Wallace Foundation Taps New Director of Research
New York’s Wallace Foundation has named Bronwyn Bevan as its new director of research. Bevan begins his role on August 19, after serving as University of Washington Seattle’s senior research scientist in the college of education. He succeeds Edward Pauly, who retired earlier this summer.
Tuesday, July 23, 2019
A New Artist in Residence at Ikon Gallery
The Ikon Gallery in Birmingham, England, has named Dean Kelland, an artist from the area, as its new artist in residence. Kelland will work with the HMP Grendon, a local prison, for the next three years to create work alongside the incarcerated community that will ultimately be showed in exhibition at HMP Grendon yearly. The residency will also include public programming that will look at art’s relationship to the criminal justice system.
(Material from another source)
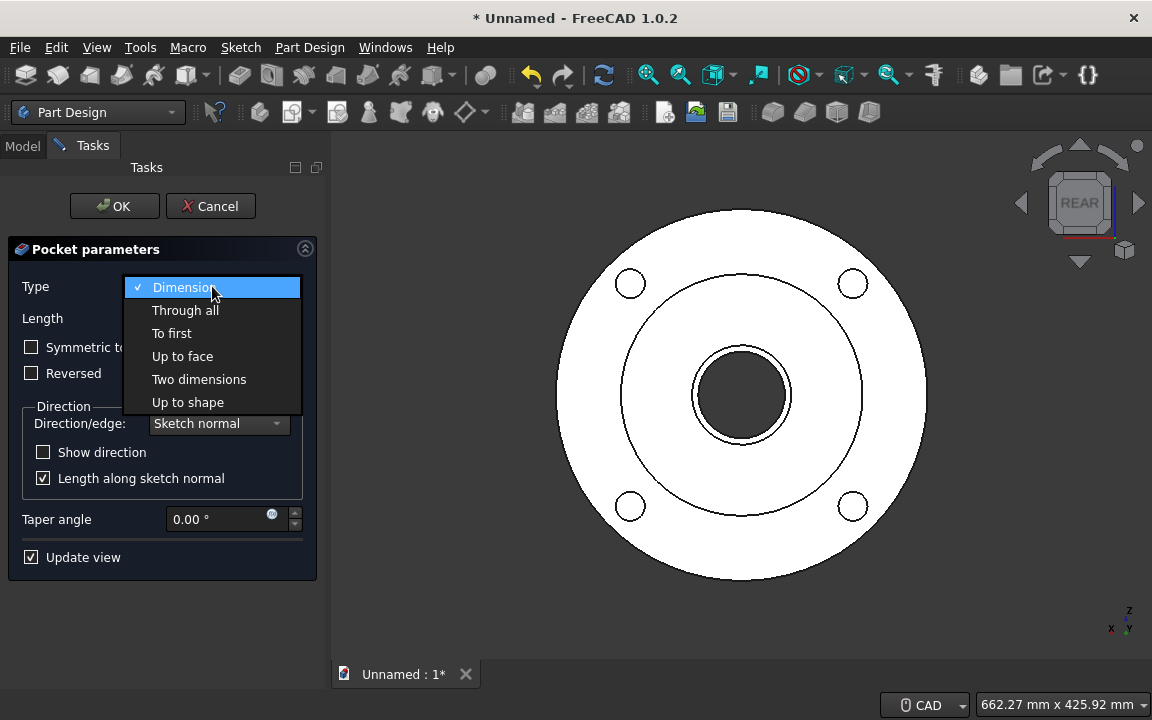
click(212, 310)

Seattle Art Fair Renews Museum Acquisition Fund
For the second year in a row, the Seattle Art Fair will offer the city’s Frye Art Museum a $25,000 budget for purchasing works on view in the show. At last year’s fair, the museum used the funds to buy works by Toyin Ojih Odutola and Ellen Lesperance. The fair runs August 1 through 4 this year.
Warhol Foundation Names Spring 2019 Research Fellows
The Andy Warhol Foundation in New York will award $224,000 in spring research grants this year, with fellows receiving up to $50,000 each. Funds will support research by curators Peter S. Briggs (of the Museum of Texas Tech University), Jaime DeSimone (Portland Museum of Art in Maine); Polly Nordstrand (Colorado Springs Fine Arts Center at Colorado College); Catherine Taft (LAXART in Los Angeles); and Olga Viso (El Museo del Barrio). Joel Wachs, the foundation’s president, said in a statement, “Each of these curators will explore important, previously unexamined work by experimental artists and forgotten movements. Their projects will introduce new perspectives and approaches to exhibition making while also influencing the field of contemporary art scholarship.”
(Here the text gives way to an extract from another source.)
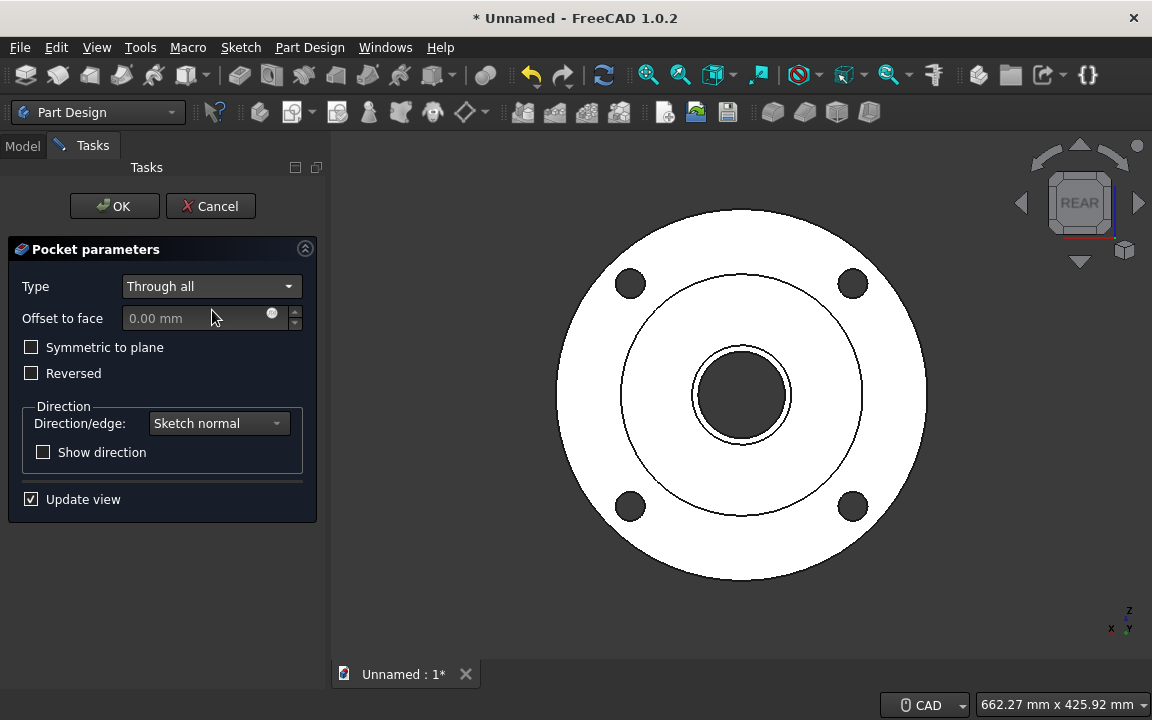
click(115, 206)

NIC BOTHMA/EPA-EFE/SHUTTERSTOCK
Monday, July 22, 2019
A $10 M. Gift for the Worcester Art Museum
The Worcester Art Museum in Massachusetts has received a $10 million donation from the C. Jean & Myles McDonough Charitable Foundation, the largest single donation in the institution’s history. In 2015, the foundation gave the museum a $4 million endowment gift for its directorship. Matthias Waschek, WAM’s director, said in a statement that the gift “reflects Jean’s lifelong devotion to the museum, which she describes as her second home. For years, she served as a forward-thinking trustee and as a docent extraordinaire, who introduced thousands of school children to the museum collection.”
CAPC Musée d’Art Contemporain Bordeaux Gets New Director
The CAPC Musée d’Art Contemporarin Bordeaux in France has picked Sandra Patron as its new director. Patron is currently the director of the Museum of Contemporary Art in Sérignan, France, and she will start in her new position in September. She fills a position that has been open for about a year, after Maria Inés Rodriguez, the museum’s former head, was fired, sparking controversy.
Zeitz MOCAA Makes Two Curatorial Appointments
The Zeitz Museum of Contemporary Art Africa in Cape Town has hired Storm Janse van Rensburg as senior curator and promoted Tandazani Dhlakama to the position of assistant curator. Janse van Rensburg most recently served as head curator of exhibitions at the Savannah College of Art and Design in Georgia, and he has curated shows elsewhere in the United States, South Africa, and Germany. Dhlakama, who joined Zeitz MOCAA in 2017, has worked as education manager at the museum’s Centre for Art Education.